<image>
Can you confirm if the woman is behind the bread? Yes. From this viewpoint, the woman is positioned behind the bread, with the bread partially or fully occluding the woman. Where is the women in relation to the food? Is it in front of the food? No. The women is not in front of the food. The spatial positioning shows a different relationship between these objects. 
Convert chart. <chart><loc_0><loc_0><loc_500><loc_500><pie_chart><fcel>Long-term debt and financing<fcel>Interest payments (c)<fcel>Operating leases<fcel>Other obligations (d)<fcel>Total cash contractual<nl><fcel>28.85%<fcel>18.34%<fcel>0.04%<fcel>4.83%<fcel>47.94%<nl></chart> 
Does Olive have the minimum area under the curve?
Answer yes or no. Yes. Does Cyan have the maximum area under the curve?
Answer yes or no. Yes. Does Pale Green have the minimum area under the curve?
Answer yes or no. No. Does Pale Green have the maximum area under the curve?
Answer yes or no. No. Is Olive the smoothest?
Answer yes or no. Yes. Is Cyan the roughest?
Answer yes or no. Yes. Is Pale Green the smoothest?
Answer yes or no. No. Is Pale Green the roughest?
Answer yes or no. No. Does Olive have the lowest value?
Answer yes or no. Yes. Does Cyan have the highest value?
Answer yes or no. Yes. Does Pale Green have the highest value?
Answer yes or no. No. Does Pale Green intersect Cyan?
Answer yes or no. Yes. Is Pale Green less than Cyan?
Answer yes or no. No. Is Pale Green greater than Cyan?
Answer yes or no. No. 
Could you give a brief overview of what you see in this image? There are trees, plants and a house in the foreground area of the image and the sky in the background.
= = = = =
* TO DO:
Start at the line containing "Answer yes or no. Yes. Does Cyan have the maximum" and copy each line through the last one in the records, exactly and with nothing added.

* SOLUTION TO THIS TASK:
Answer yes or no. Yes. Does Cyan have the maximum area under the curve?
Answer yes or no. Yes. Does Pale Green have the minimum area under the curve?
Answer yes or no. No. Does Pale Green have the maximum area under the curve?
Answer yes or no. No. Is Olive the smoothest?
Answer yes or no. Yes. Is Cyan the roughest?
Answer yes or no. Yes. Is Pale Green the smoothest?
Answer yes or no. No. Is Pale Green the roughest?
Answer yes or no. No. Does Olive have the lowest value?
Answer yes or no. Yes. Does Cyan have the highest value?
Answer yes or no. Yes. Does Pale Green have the highest value?
Answer yes or no. No. Does Pale Green intersect Cyan?
Answer yes or no. Yes. Is Pale Green less than Cyan?
Answer yes or no. No. Is Pale Green greater than Cyan?
Answer yes or no. No. 
Could you give a brief overview of what you see in this image? There are trees, plants and a house in the foreground area of the image and the sky in the background.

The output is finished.